**Record set**
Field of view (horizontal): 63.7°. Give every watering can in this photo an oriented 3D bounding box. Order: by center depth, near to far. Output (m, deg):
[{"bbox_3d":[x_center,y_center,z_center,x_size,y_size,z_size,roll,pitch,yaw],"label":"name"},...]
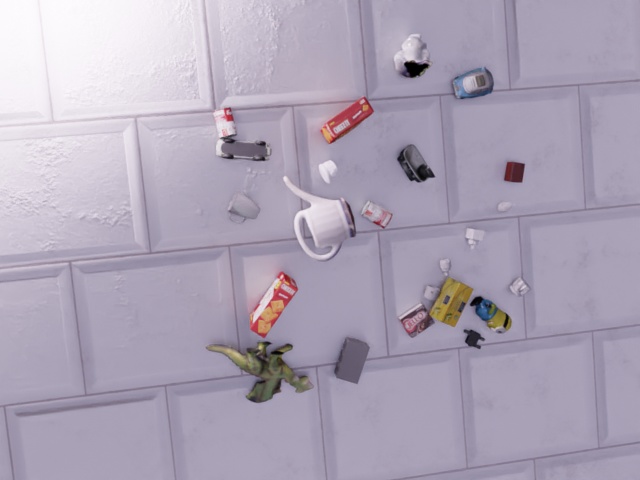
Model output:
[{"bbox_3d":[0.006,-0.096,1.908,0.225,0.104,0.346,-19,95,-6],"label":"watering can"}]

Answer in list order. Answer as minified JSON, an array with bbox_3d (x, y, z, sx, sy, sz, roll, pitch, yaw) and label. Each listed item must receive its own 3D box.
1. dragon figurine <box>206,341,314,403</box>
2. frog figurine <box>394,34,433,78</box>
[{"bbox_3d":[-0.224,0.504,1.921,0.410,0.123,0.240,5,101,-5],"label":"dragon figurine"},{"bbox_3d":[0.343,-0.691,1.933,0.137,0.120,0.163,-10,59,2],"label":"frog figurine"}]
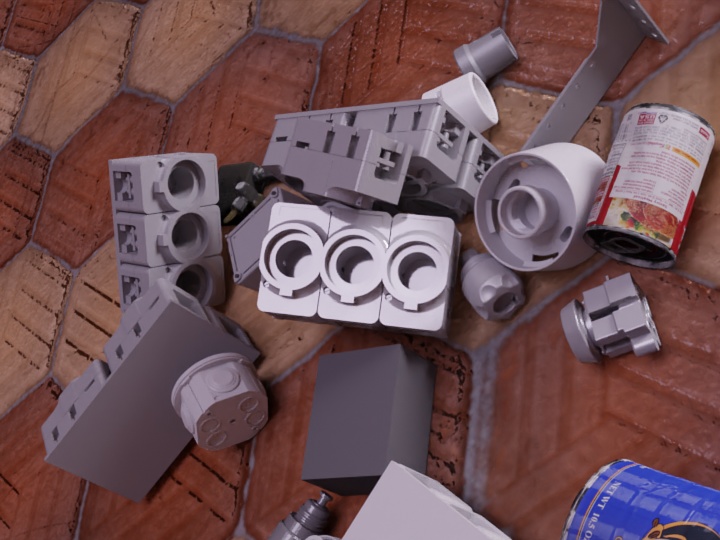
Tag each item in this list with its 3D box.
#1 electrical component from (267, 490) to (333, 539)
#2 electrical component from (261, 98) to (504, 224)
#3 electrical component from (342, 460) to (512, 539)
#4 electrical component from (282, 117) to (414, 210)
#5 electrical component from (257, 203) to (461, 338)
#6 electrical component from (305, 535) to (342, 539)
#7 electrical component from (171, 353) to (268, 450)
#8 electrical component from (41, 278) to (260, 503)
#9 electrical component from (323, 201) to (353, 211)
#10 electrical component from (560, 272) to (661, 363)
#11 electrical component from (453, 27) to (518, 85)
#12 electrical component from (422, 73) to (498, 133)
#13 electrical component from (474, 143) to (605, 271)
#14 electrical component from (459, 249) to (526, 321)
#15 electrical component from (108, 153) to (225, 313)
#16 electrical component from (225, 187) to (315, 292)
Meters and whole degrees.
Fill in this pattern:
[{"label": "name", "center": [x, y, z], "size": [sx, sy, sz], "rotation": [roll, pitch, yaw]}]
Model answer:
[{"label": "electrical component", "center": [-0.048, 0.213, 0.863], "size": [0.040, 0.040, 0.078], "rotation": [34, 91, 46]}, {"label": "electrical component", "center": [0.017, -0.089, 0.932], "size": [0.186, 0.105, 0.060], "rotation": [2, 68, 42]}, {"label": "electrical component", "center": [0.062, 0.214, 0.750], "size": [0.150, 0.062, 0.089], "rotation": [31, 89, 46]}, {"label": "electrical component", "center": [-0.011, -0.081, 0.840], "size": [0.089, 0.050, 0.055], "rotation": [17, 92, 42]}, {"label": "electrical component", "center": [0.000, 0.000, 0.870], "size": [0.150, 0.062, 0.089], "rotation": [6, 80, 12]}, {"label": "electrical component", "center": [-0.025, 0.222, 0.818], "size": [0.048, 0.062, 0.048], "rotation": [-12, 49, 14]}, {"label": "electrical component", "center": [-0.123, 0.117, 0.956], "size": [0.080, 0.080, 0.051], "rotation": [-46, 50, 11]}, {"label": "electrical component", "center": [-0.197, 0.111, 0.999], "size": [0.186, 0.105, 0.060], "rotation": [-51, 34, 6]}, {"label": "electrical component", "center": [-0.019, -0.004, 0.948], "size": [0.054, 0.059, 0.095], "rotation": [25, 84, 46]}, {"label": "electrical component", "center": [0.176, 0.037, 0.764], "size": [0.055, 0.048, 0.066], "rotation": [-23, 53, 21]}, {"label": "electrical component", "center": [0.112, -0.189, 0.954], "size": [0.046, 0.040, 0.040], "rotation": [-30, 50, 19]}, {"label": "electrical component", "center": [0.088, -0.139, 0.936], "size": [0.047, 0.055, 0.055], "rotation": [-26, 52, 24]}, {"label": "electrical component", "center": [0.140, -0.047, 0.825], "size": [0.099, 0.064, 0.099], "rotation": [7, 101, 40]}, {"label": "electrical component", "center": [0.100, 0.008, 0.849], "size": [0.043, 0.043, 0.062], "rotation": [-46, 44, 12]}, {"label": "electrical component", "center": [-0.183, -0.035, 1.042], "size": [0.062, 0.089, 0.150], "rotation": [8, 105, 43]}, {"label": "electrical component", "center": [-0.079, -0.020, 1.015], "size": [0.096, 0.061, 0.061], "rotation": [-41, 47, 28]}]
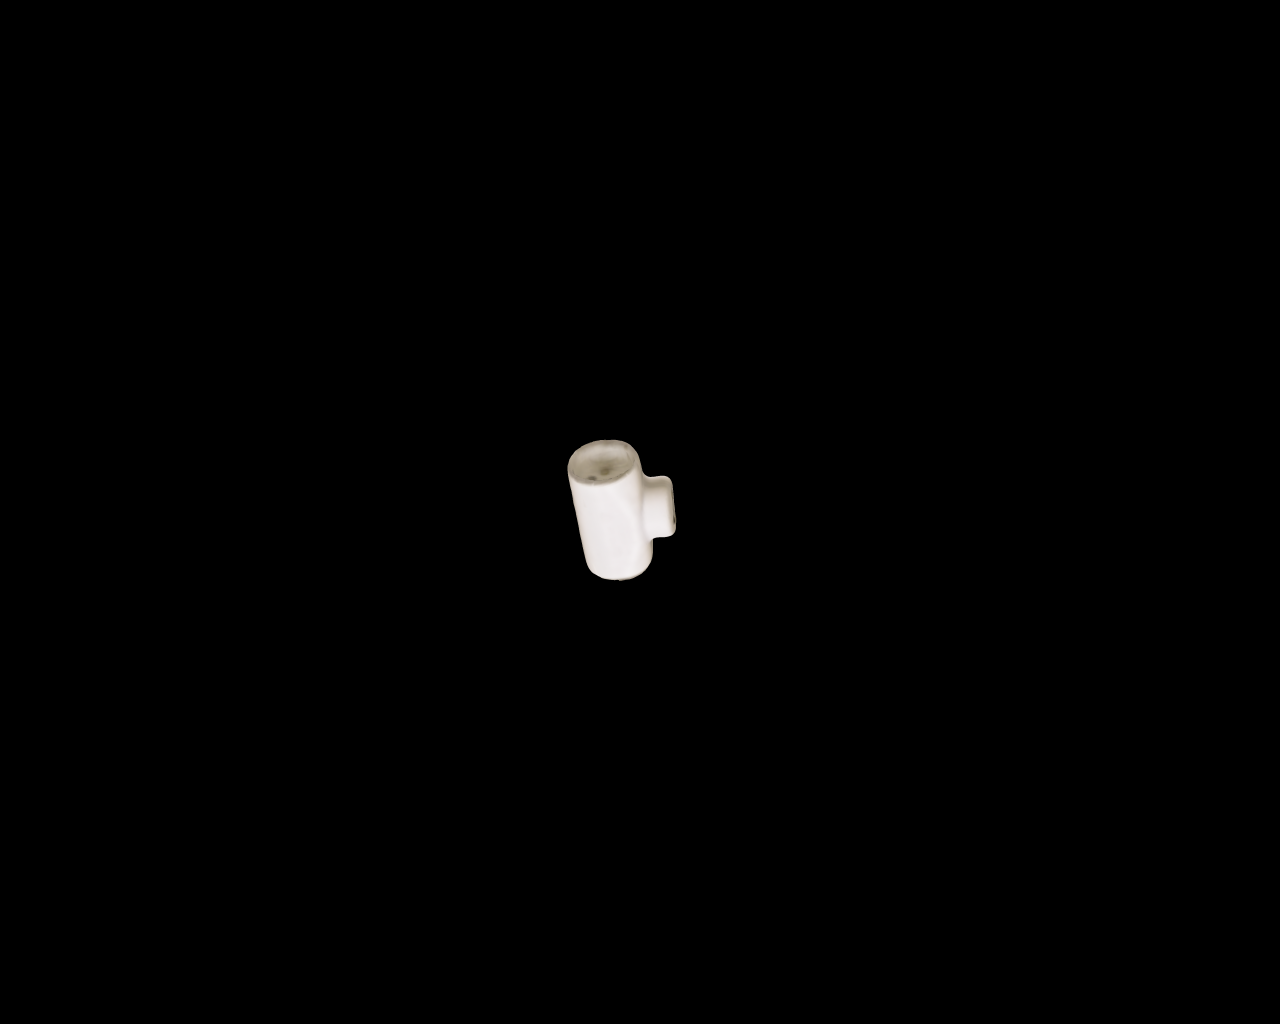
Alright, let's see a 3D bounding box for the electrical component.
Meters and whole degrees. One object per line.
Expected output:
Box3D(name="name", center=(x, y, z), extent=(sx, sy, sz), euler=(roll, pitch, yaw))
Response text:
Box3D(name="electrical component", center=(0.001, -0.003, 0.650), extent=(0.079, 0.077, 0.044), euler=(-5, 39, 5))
...
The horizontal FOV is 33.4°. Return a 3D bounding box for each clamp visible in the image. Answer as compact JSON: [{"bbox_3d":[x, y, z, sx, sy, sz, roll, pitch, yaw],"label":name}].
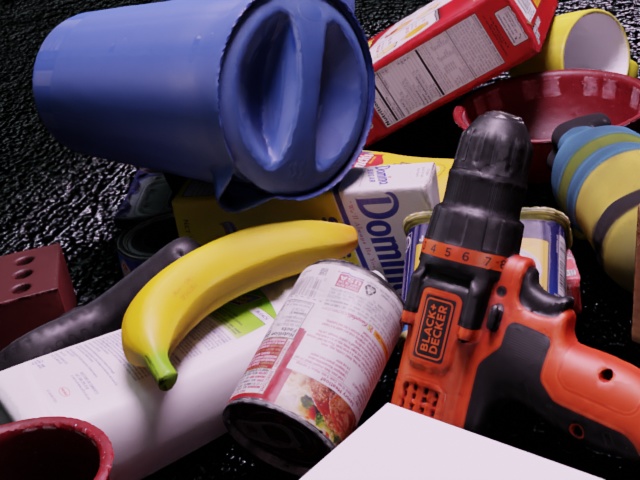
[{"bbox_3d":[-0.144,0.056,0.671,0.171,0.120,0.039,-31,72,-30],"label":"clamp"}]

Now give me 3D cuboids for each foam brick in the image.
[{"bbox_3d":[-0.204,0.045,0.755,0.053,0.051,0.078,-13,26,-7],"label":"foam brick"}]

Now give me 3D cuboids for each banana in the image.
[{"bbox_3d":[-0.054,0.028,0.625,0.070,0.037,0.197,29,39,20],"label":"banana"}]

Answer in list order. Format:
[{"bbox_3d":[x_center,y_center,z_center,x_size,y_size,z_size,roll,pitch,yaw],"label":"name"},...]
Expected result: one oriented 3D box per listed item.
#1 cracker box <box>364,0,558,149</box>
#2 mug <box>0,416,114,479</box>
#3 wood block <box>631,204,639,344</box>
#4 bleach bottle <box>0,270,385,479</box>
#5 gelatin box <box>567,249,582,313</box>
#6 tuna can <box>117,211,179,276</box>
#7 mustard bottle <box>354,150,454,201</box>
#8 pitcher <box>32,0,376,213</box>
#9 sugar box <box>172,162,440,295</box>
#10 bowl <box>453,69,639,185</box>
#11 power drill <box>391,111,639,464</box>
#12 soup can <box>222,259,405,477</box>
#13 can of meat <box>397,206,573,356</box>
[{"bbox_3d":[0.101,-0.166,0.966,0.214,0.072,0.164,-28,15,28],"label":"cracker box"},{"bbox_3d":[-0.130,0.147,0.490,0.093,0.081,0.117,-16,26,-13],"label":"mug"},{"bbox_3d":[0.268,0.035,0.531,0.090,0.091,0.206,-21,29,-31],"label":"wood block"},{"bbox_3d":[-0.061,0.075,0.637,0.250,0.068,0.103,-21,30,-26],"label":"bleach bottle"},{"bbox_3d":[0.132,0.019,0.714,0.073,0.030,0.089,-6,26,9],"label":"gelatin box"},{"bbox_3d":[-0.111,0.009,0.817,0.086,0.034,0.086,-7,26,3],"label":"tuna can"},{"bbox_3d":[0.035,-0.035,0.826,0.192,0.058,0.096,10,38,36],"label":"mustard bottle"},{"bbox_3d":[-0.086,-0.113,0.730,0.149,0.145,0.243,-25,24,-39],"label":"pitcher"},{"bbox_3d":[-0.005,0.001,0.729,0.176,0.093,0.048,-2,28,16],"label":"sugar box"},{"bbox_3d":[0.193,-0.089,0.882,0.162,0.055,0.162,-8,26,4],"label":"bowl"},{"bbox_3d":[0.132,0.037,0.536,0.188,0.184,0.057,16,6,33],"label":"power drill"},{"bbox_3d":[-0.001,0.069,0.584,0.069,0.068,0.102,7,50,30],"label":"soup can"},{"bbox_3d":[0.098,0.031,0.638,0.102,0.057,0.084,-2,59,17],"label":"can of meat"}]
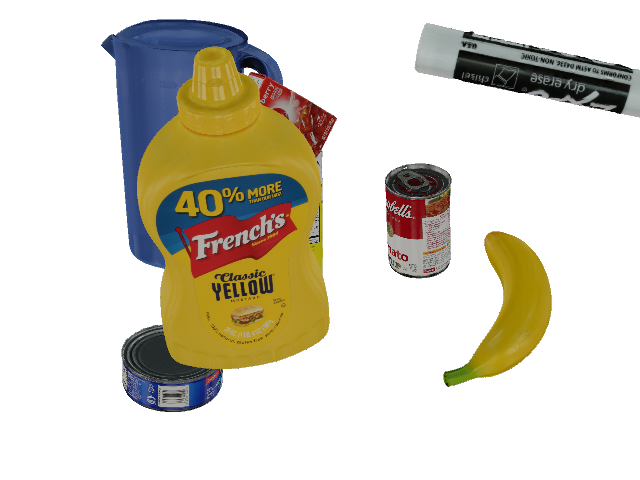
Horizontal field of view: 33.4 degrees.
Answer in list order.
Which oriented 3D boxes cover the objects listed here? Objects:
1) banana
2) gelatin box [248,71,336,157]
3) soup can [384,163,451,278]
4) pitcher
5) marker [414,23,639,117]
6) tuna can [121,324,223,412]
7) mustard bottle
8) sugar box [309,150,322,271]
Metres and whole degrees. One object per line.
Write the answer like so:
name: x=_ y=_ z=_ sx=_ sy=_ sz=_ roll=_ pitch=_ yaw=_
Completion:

**Problem to solve**
Within the material above, output exactly the lines from the one with "#8 pitcher <box>32,0,376,213</box>" through the one with "#12 soup can <box>222,259,405,477</box>", end lines included, and nothing besides.

**Written solution**
#8 pitcher <box>32,0,376,213</box>
#9 sugar box <box>172,162,440,295</box>
#10 bowl <box>453,69,639,185</box>
#11 power drill <box>391,111,639,464</box>
#12 soup can <box>222,259,405,477</box>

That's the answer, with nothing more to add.